SECURITIES AND EXCHANGE COMMISSION
Washington, DC 20549
Amendment No. 1
Pursuant to Section 13 or 15(d) of the Securities Exchange Act of 1934
Date of Report (Date of earliest event reported): October 16, 2009
NEW GENERATION BIOFUELS HOLDINGS, INC.
(Exact Name of Registrant as Specified in Charter)
(Address of principal executive offices)(Zip Code)
(Registrant’s telephone number, including area code)
(Former Name or former address, if changed since last report.)
Check the appropriate box below if the Form 8-K filing is intended to simultaneously satisfy the filing obligation of the registrant under any of the following provisions (see General Instruction A.2. below):
o Written communications pursuant to Rule 425 under the Securities Act (17 CFR 230.425)
o Soliciting material pursuant to Rule 14a-12 under the Exchange Act (17 CFR 240.14-12)
o Pre-commencement communications pursuant to Rule 14d-2(b) under the Exchange Act (17 CFR 240.14d-2(b))
o Pre-commencement communications pursuant to Rule 13-e-4(c) under the Exchange Act (17 CFR 240.1 3e-4(c))
We are filing this amendment to our Current Report on Form 8-K, filed October 21, 2009, to disclose additional information regarding the changes in our certifying accountant. This amendment does not update, amend or modify any other information set forth in the original Form 8-K and does not reflect any events that may have occurred after the original filing date.
Item 4.01 Changes in Registrant’s Certifying Accountant
Effective October 16, 2009, New Generation Biofuels Holdings, Inc. (the “Company”) has agreed to replace Imowitz Koenig & Co. LLP (“Imowitz”) with Reznick Group, P.C. (“Reznick”) as the Company’s principal independent registered public accounting firm. Imowitz resigned as the Company’s certifying accountant because the firm has decided to exit the business of providing audit services to publicly traded companies. The change is not the result of any disagreement with the Company or its management.
Item 4.01(a) Previous Independent Accountants
(i) Imowitz resigned as the Company’s independent registered public accounting firm, effective as of October 16, 2009, the effective date of the engagement of Reznick as the Company’s new independent accountants.
(ii) Imowitz’s reports on the Company’s consolidated financial statements for the years ended December 31, 2008 and December 31, 2007 did not contain an adverse opinion or a disclaimer of opinion and were not qualified or modified as to uncertainty, audit scope, or accounting principles, except that Imowitz’s report for the year ended December 31, 2008 included a paragraph regarding uncertainty about the Company’s ability to continue as a going concern.
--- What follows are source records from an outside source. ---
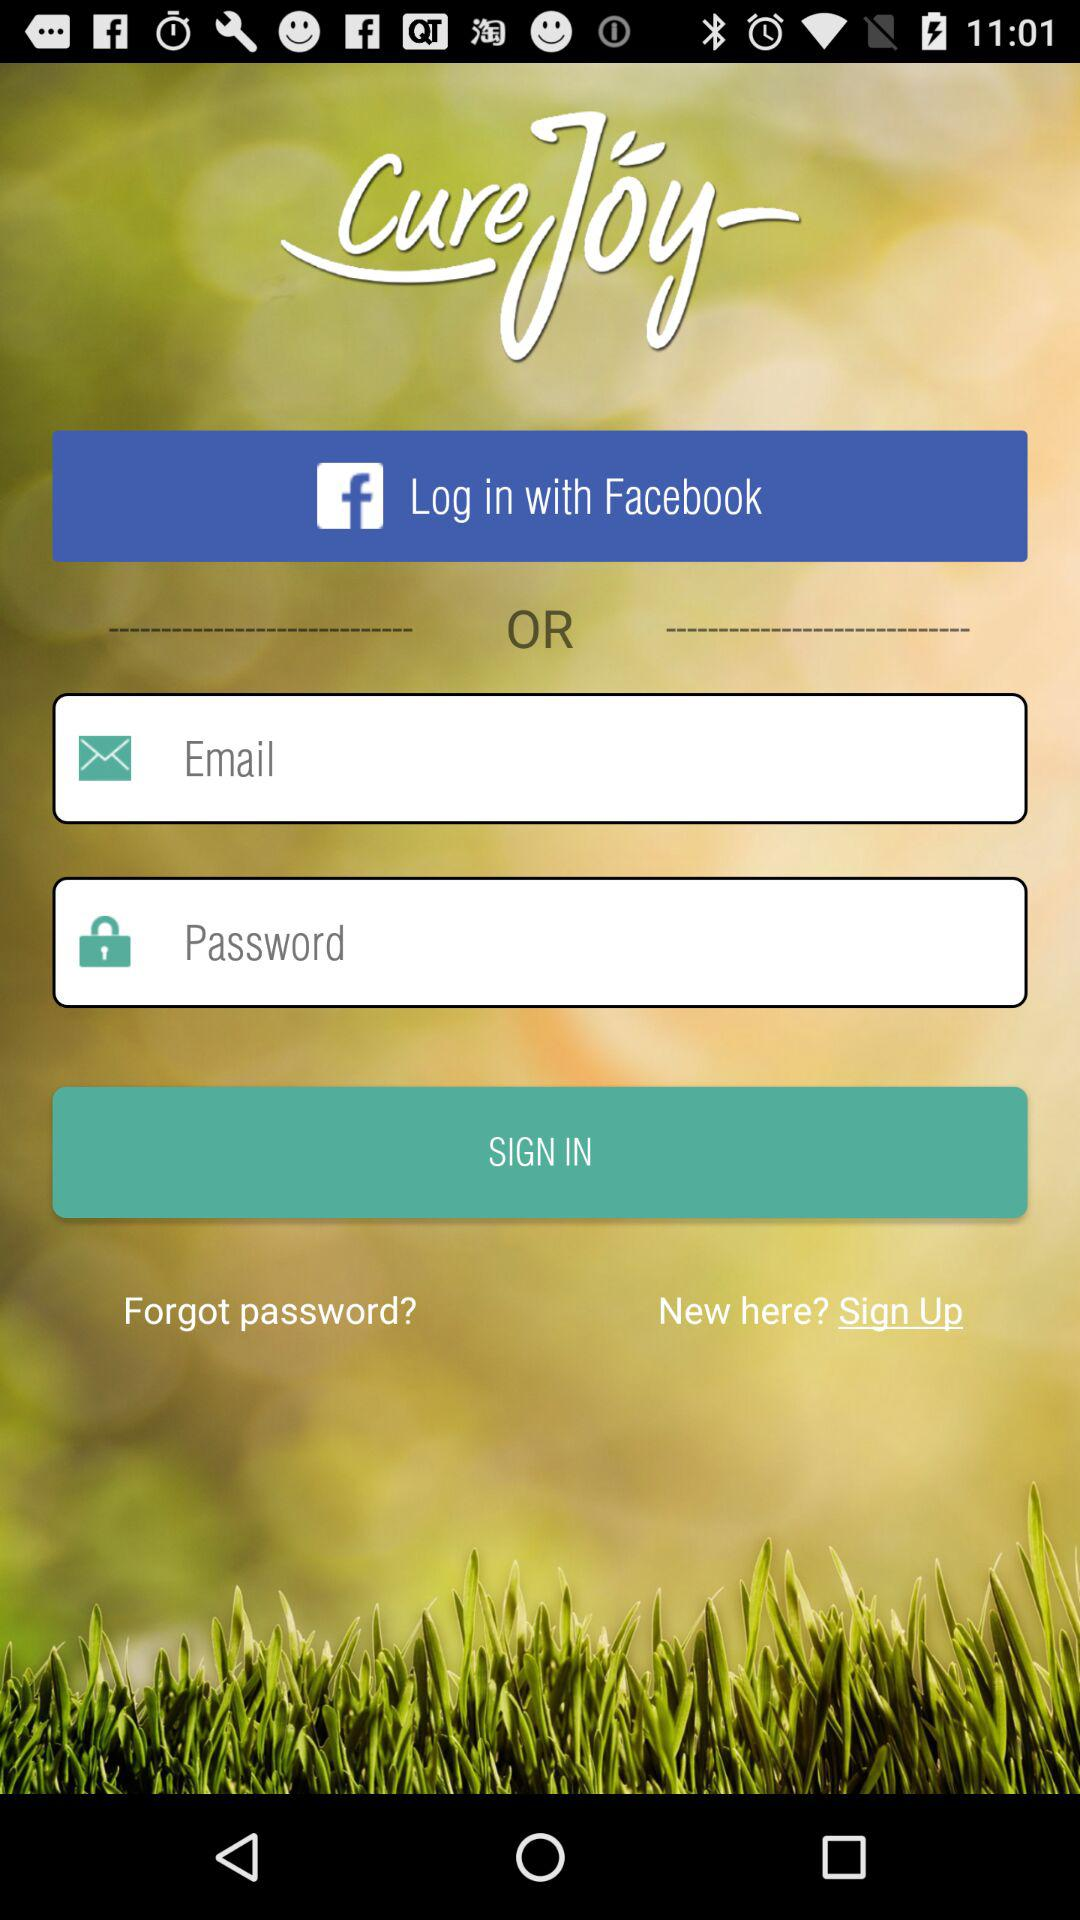What is the name of the application? The name of the application is "CureJoy". 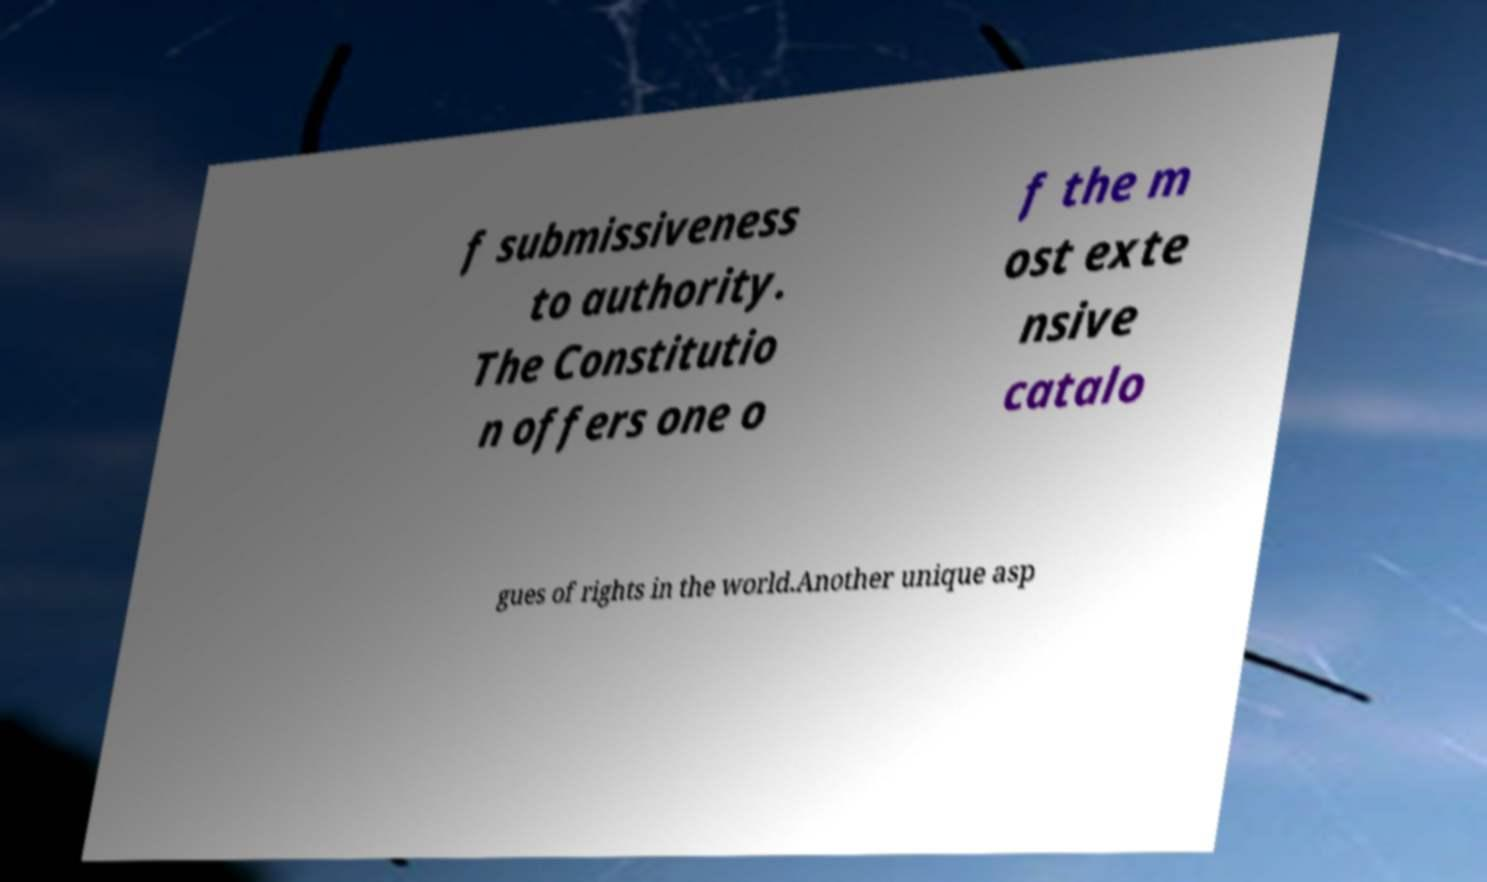Please read and relay the text visible in this image. What does it say? f submissiveness to authority. The Constitutio n offers one o f the m ost exte nsive catalo gues of rights in the world.Another unique asp 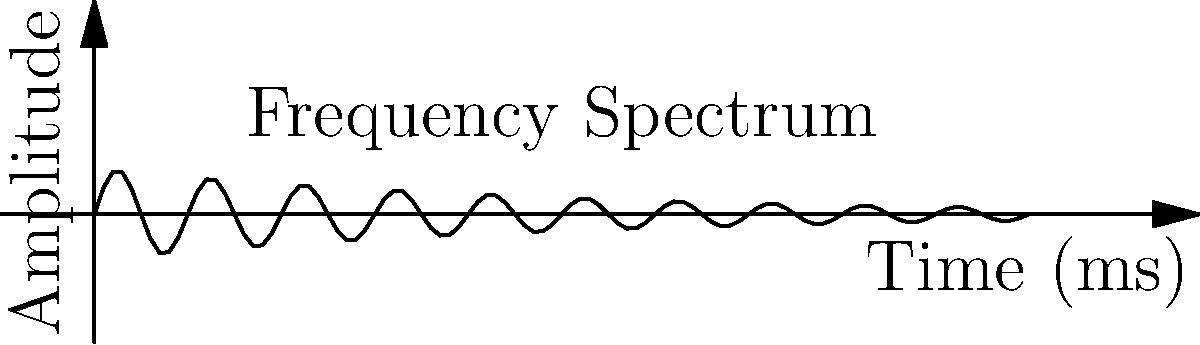In the frequency spectrum analysis of sonar imaging data from a submerged shipwreck, you observe a decaying sinusoidal pattern as shown in the graph. If the time scale is in milliseconds, what is the approximate frequency of the dominant signal in kHz? To determine the frequency of the dominant signal, we need to follow these steps:

1. Identify the period of the sinusoidal pattern:
   - Count the number of complete cycles in a given time interval
   - In this case, we can see approximately 5 complete cycles in 10 ms

2. Calculate the period (T):
   $T = \frac{10 \text{ ms}}{5 \text{ cycles}} = 2 \text{ ms/cycle}$

3. Convert the period to frequency (f):
   $f = \frac{1}{T} = \frac{1}{2 \text{ ms}} = 0.5 \text{ kHz}$

4. Verify the result:
   - The formula for frequency is $f = \frac{1}{T}$
   - Substituting our values: $f = \frac{1}{2 \times 10^{-3} \text{ s}} = 500 \text{ Hz} = 0.5 \text{ kHz}$

Therefore, the approximate frequency of the dominant signal is 0.5 kHz.
Answer: 0.5 kHz 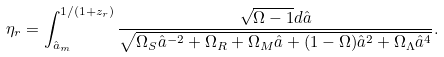<formula> <loc_0><loc_0><loc_500><loc_500>\eta _ { r } = \int _ { \hat { a } _ { m } } ^ { 1 / ( 1 + z _ { r } ) } \frac { \sqrt { \Omega - 1 } d \hat { a } } { \sqrt { \Omega _ { S } \hat { a } ^ { - 2 } + \Omega _ { R } + \Omega _ { M } \hat { a } + ( 1 - \Omega ) \hat { a } ^ { 2 } + \Omega _ { \Lambda } \hat { a } ^ { 4 } } } .</formula> 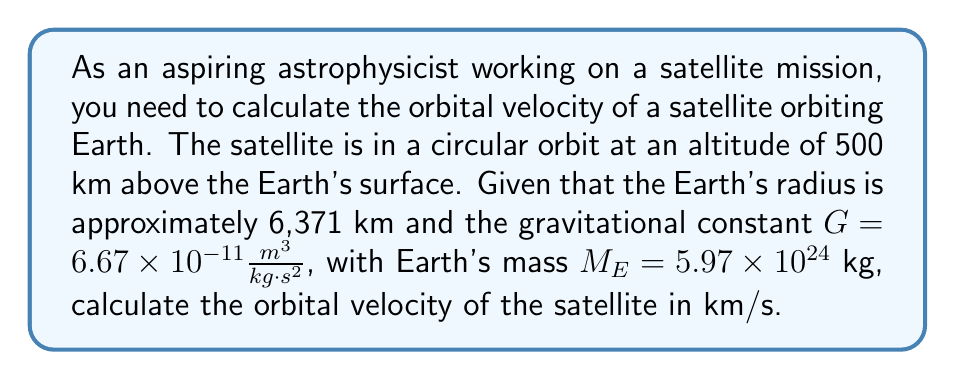Teach me how to tackle this problem. To solve this problem, we'll use the orbital velocity equation for a circular orbit:

$$v = \sqrt{\frac{GM}{r}}$$

Where:
$v$ is the orbital velocity
$G$ is the gravitational constant
$M$ is the mass of the central body (Earth in this case)
$r$ is the distance from the center of the Earth to the satellite

Step 1: Calculate the distance $r$
The distance $r$ is the sum of Earth's radius and the satellite's altitude:
$$r = 6371 \text{ km} + 500 \text{ km} = 6871 \text{ km} = 6.871 \times 10^6 \text{ m}$$

Step 2: Substitute the values into the equation
$$v = \sqrt{\frac{(6.67 \times 10^{-11} \frac{m^3}{kg \cdot s^2})(5.97 \times 10^{24} \text{ kg})}{6.871 \times 10^6 \text{ m}}}$$

Step 3: Simplify and calculate
$$v = \sqrt{5.78 \times 10^7 \frac{m^2}{s^2}}$$
$$v = 7,602 \frac{m}{s}$$

Step 4: Convert to km/s
$$v = 7.602 \frac{km}{s}$$
Answer: The orbital velocity of the satellite is approximately 7.60 km/s.

(iii) The Audit Committee of the Company’s Board of Directors has approved the change in accountants.
(iv) In connection with its audits for the years ended December 31, 2008 and December 31, 2007 and for subsequent interim periods through October 16, 2009, there were (1) no disagreements between the Company and Imowitz on any matter of accounting principles or practices, financial statement disclosure, or auditing scope or procedure, which, if not resolved to Imowitz’s satisfaction, would have caused Imowitz to make reference to the subject matter of such disagreements in connection with the issuance of its reports on the Company’s financial statements and (2) there were no “reportable events” as defined in Item 304(a)(1)(v) of Regulation S-K.
(v) In connection with the filing of this Current Report on Form 8-K, the Company provided Imowitz with a copy of this disclosure and requested that Imowitz furnish the Company a letter addressed to the Securities and Exchange Commission stating whether Imowitz agrees with the statements made by the Company set forth above in response to Item 304(a) of Regulation S-K and, if not, stating the respects in which Imowitz does not agree. A copy of the letter from Imowitz is attached hereto as Exhibit 16.1.
Item 4.01(b) New Independent Accountants
On October 16, 2009, Reznick was engaged as the Company’s new principal independent registered public accounting firm to audit the Company’s financial statements. During the two fiscal year period ended December 31, 2008 and subsequent interim periods until the engagement of Reznick, neither the Company, nor anyone on its behalf, consulted Reznick on any matters described in Item 304(a)(2) of Regulation S-K.
Item 9.01 Financial Statements and Exhibits
Pursuant to the requirements of the Securities Exchange Act of 1934, the registrant has duly caused this report to be signed on its behalf by the undersigned, thereunto duly authorized.